Bagchi shed light on the media-military engagement during the war. It was noted that Kargil was among the first international conflicts that the Indian media covered in the post-liberalisation era. In retrospect, it provided reporters and regular media personnel a rare opportunity to interact with the top brass. Bagchi highlighted the need for the services and government to hand out detailed SOPs for journalists covering conflicts and wars.

Bagchi also traced the evolving nature of media reporting on national security issues and noted that the ‘quasi-entertainment’ nature of television media today can have a bearing on national security. Journalists have often been criticised for their reportage and coverage during crises such as Kargil, 26/11, Pulwama terror attacks, and Balakot air strikes, with criticism focusing on how some of the coverage could prove advantageous to Pakistan and detrimental to India’s security.
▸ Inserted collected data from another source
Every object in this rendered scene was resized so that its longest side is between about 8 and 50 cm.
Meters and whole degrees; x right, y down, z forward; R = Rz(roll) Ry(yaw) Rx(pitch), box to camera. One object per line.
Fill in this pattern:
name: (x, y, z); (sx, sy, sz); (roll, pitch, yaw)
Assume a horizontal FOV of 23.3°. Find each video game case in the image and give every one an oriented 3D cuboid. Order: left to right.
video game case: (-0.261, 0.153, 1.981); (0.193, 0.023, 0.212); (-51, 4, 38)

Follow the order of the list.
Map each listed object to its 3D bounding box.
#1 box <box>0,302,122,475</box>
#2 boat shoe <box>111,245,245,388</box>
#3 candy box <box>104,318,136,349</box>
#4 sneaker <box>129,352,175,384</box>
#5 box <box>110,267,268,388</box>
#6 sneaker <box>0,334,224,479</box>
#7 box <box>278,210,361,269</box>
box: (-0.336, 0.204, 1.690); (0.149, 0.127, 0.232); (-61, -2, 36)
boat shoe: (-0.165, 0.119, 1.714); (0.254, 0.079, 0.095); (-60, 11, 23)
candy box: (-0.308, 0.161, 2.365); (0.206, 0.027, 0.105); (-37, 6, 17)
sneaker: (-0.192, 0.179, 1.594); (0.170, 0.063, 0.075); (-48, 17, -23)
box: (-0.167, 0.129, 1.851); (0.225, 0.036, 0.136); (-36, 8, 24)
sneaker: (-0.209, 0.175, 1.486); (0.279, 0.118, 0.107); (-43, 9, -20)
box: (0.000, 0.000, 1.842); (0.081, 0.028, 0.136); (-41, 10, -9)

Bagchi partially accepted this but strongly emphasised that the media has never been given guidelines by the services on acceptable and unacceptable reportage. The key takeaway was the need to devise such guidelines and norms for national security crises. Gen. Malik offered a two-fold counter to this, explaining that instead of the services, it is the additional secretary in the Ministry of Defence who is accountable for the media’s conduct and thus, responsible for providing guidelines and anecdotal references of breach of conduct by media personnel on various occasions during Kargil.